In a filing with the US Securities and Exchange Commission (SEC), Musk said that he wanted to terminate the deal because Twitter was in “material breach” of their agreement and had made “false and misleading” statements during negotiations.
UPDATED: Elon Musk has called the whole thing off — but Twitter isn’t done with him yet.

The mega-billionaire terminated his $44 billion offer for Twitter, notifying the company of the decision on Friday in a letter from his lawyers, according to a regulatory filing. Musk is primarily claiming that Twitter misrepresented the scope of spam and fake accounts on the social network, saying his team’s preliminary estimates put that “wildly higher” than the sub-5% figure that Twitter has repeatedly claimed.
Twitter said it plans to sue Musk over his nixing of the deal and hold him to his $54.20-per-share deal price.
“The Twitter Board is committed to closing the transaction on the price and terms agreed upon with Mr. Musk and plans to pursue legal action to enforce the merger agreement,” Twitter chairman Bret Taylor, who is also co-CEO of Salesforce, wrote in a tweet. “We are confident we will prevail in the Delaware Court of Chancery.”

With Musk bailing on the Twitter takeover, the CEO of Tesla and SpaceX would have to pay a $1 billion breakup fee to Twitter (and he could be the target of additional litigation), unless he is able to prove Twitter significantly misled him about factors related to the company’s value.

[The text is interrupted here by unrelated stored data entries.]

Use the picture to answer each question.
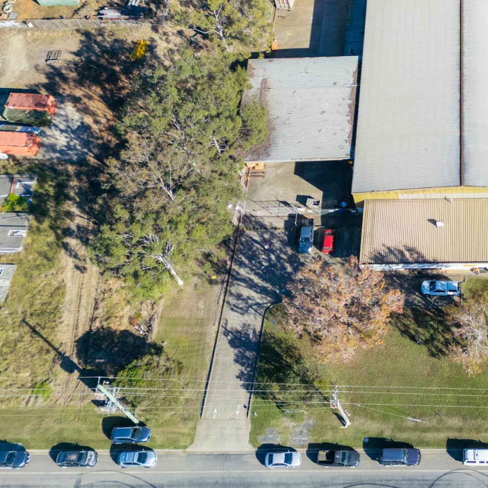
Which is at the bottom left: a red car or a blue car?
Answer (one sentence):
Visible at the bottom left is a blue car.
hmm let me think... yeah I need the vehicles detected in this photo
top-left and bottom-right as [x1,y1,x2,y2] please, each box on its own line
[420,277,461,297]
[55,448,101,469]
[378,445,422,468]
[109,424,153,444]
[316,446,360,468]
[265,448,303,469]
[297,218,315,257]
[117,447,160,468]
[463,448,488,468]
[321,229,339,258]
[0,445,32,468]
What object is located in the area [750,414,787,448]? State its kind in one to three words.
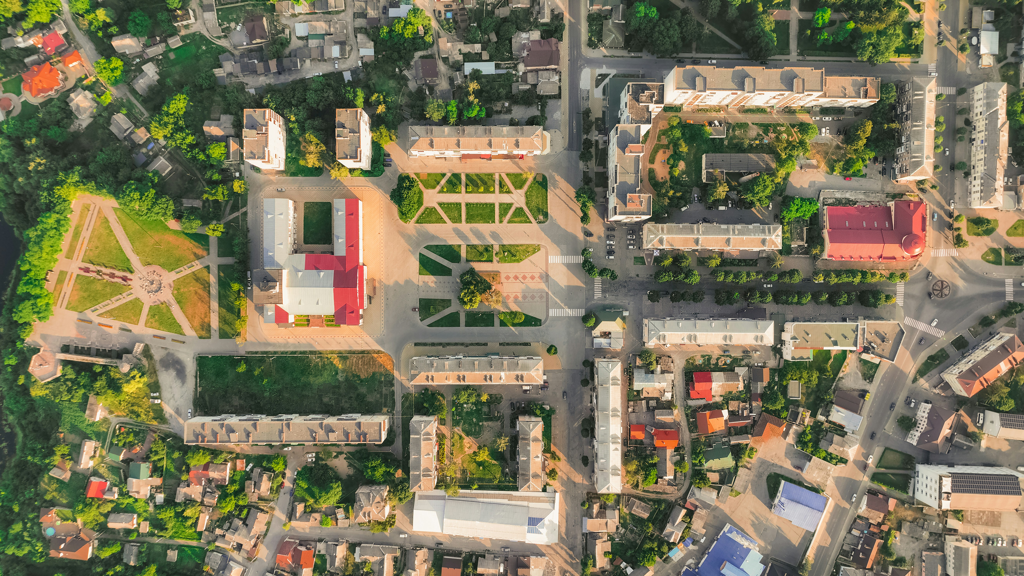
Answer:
house
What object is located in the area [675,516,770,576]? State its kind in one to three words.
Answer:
building
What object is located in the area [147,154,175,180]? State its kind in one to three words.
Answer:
shed
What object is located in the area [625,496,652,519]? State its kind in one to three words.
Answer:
house
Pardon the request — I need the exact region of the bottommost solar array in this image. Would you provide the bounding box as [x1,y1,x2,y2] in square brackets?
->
[950,474,1020,495]
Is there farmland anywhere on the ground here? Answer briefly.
No
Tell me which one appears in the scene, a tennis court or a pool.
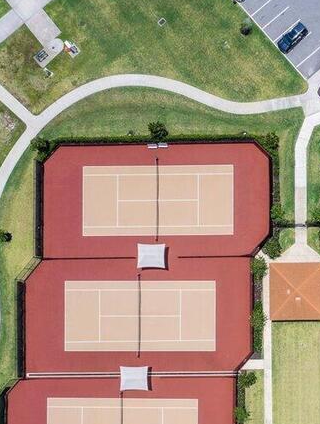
tennis court
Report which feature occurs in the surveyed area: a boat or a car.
car
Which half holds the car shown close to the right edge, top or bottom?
top
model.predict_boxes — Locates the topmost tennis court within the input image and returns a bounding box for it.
[42,142,268,257]
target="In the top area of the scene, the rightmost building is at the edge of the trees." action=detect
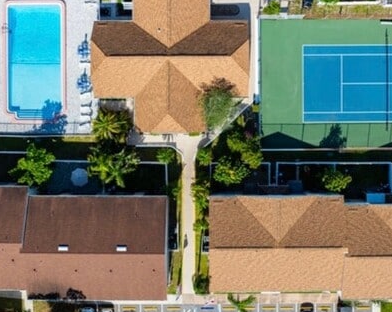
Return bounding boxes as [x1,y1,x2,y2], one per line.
[91,0,249,131]
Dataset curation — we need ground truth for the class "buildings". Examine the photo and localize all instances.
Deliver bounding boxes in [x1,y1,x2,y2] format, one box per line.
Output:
[208,189,351,292]
[91,0,249,131]
[18,193,171,301]
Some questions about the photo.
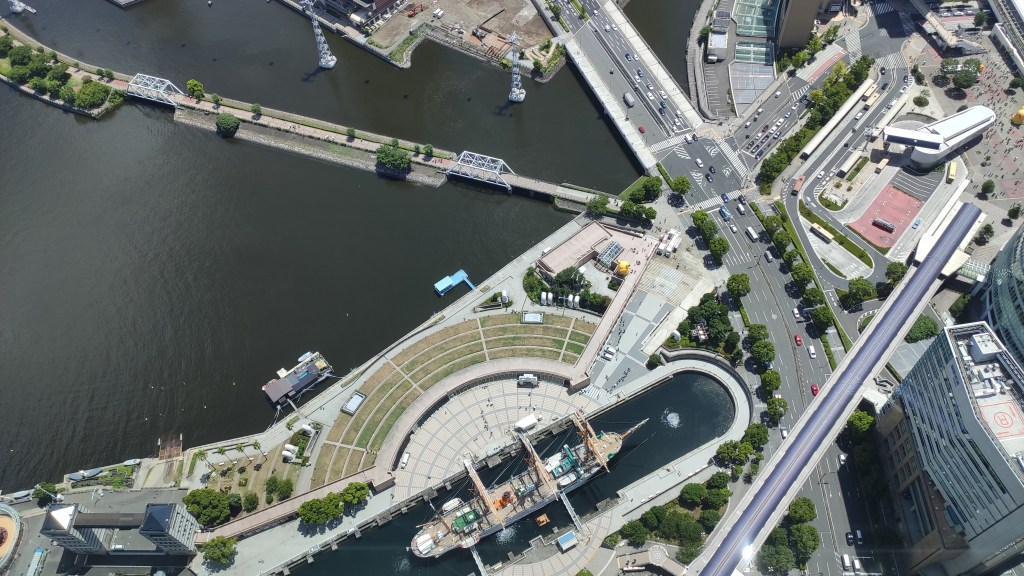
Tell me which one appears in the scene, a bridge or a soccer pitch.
bridge
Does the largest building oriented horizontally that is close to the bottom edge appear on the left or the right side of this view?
left
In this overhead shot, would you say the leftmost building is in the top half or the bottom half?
bottom
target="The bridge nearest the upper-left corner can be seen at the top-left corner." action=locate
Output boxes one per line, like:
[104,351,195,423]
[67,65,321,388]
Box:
[126,72,187,108]
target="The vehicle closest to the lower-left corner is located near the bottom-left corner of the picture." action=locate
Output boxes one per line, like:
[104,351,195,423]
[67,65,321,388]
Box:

“Mr. Musk is terminating the Merger Agreement because Twitter is in material breach of multiple provisions of that Agreement, appears to have made false and misleading representations upon which Mr. Musk relied when entering into the Merger Agreement, and is likely to suffer a Company Material Adverse Effect (as that term is defined in the Merger Agreement),” said the letter to Twitter.

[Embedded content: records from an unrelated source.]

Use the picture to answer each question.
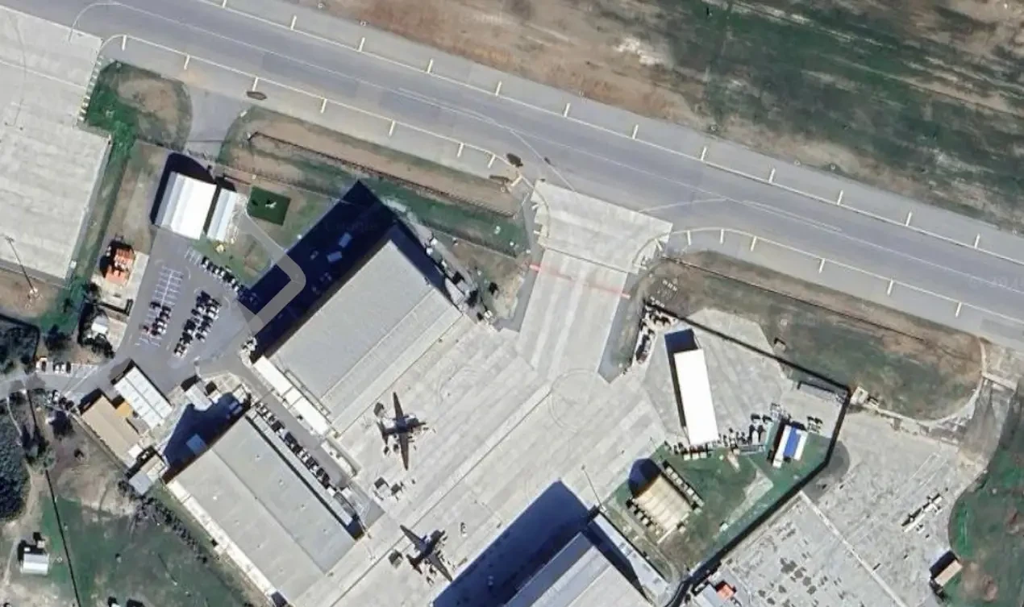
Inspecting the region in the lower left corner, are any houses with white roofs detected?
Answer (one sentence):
Yes, looking in the lower left corner, one can make out a house with a white roof.
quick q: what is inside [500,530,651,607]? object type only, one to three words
hangar
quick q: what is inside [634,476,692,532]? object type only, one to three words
hangar
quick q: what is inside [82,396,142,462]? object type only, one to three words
building
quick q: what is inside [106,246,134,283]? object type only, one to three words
house
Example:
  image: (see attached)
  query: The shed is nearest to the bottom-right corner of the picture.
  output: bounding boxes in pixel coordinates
[934,561,962,586]
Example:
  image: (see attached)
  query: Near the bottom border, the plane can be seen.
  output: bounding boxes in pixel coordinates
[398,526,455,580]
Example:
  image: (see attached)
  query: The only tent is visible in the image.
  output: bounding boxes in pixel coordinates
[775,425,807,463]
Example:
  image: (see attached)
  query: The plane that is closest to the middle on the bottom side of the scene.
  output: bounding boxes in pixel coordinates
[379,393,427,468]
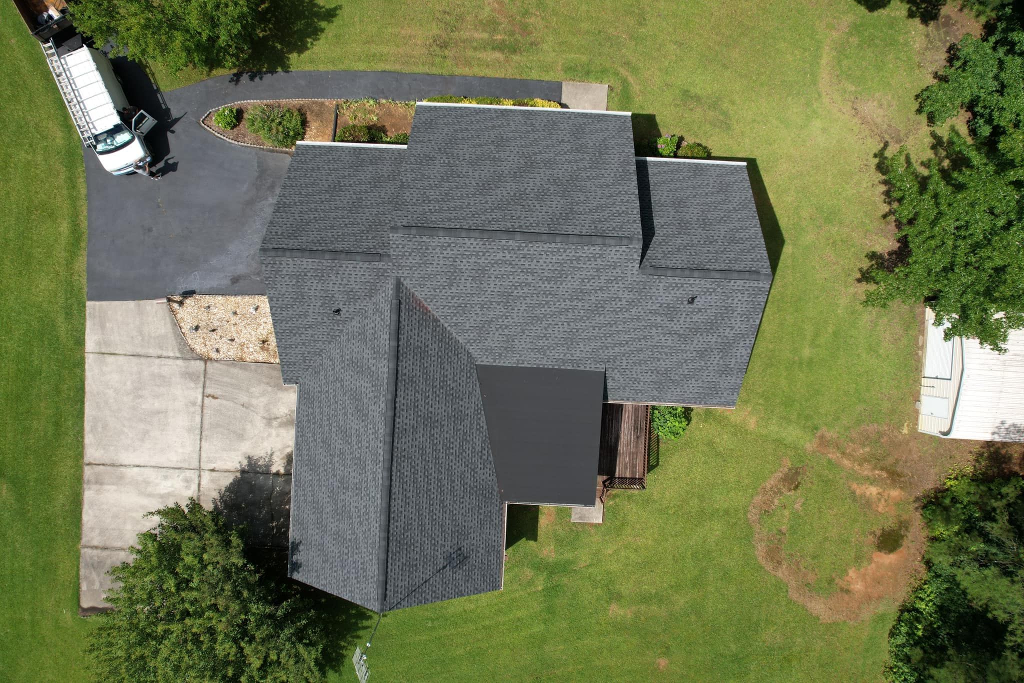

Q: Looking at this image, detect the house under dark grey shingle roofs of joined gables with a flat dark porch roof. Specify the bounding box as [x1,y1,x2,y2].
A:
[261,99,773,612]
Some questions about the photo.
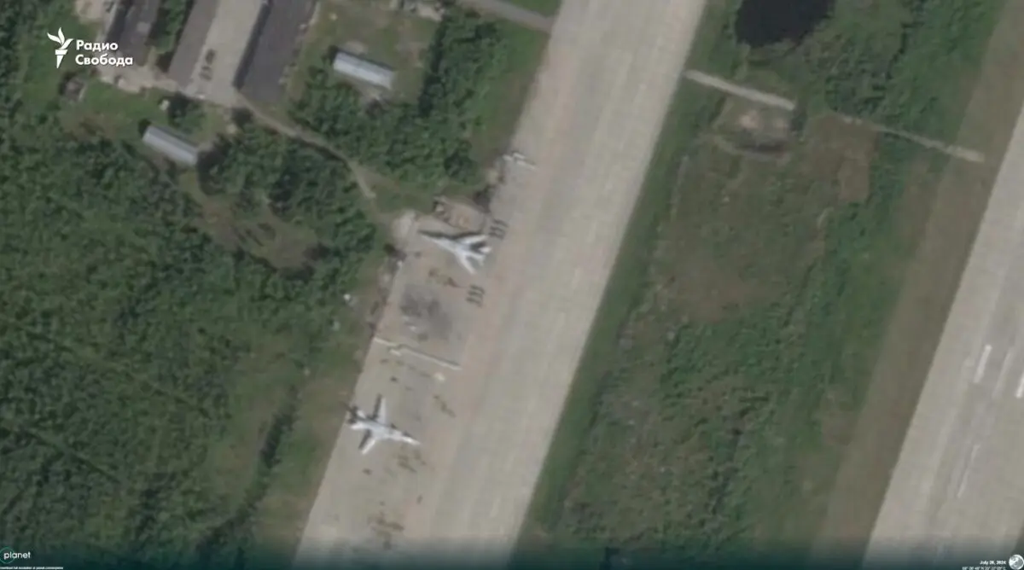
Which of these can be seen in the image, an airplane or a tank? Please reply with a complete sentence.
I can see an airplane in this picture.
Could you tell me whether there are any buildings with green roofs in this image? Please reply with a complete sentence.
No, the picture doesn't show any building with a green roof.
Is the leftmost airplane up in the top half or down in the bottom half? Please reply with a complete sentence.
It is in the bottom half that the leftmost airplane appears.
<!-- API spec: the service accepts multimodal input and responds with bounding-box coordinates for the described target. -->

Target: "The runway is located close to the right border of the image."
[858,106,1024,570]
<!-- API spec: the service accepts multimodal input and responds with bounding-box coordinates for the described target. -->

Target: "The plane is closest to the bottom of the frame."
[349,399,420,454]
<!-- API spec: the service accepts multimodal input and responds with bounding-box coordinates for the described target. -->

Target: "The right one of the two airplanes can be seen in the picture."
[421,233,492,273]
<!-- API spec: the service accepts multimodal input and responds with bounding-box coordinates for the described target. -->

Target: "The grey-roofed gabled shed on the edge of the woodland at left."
[141,124,204,165]
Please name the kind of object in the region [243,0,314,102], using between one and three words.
building
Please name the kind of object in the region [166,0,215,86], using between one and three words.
building
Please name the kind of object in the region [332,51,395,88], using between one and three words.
shed
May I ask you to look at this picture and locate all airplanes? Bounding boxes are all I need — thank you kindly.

Musk, the world’s wealthiest individual, turned heads in April when he clinched a deal to buy Twitter with the social network’s board. He excitedly discussed ideas he had for Twitter, including requiring that it strictly adhere to “free speech” principles and floating the idea that the service would charge companies a fee to be on the platform.
But there were soon signs Musk was having buyer’s remorse. Last month, Musk’s lawyers warned that Twitter was in “material breach” of the merger agreement because the company was “actively resisting and thwarting his information rights” by failing to provide data backing up its claims about fake and spam accounts. Musk also has acknowledged that lining up debt financing to swing the deal was an obstacle.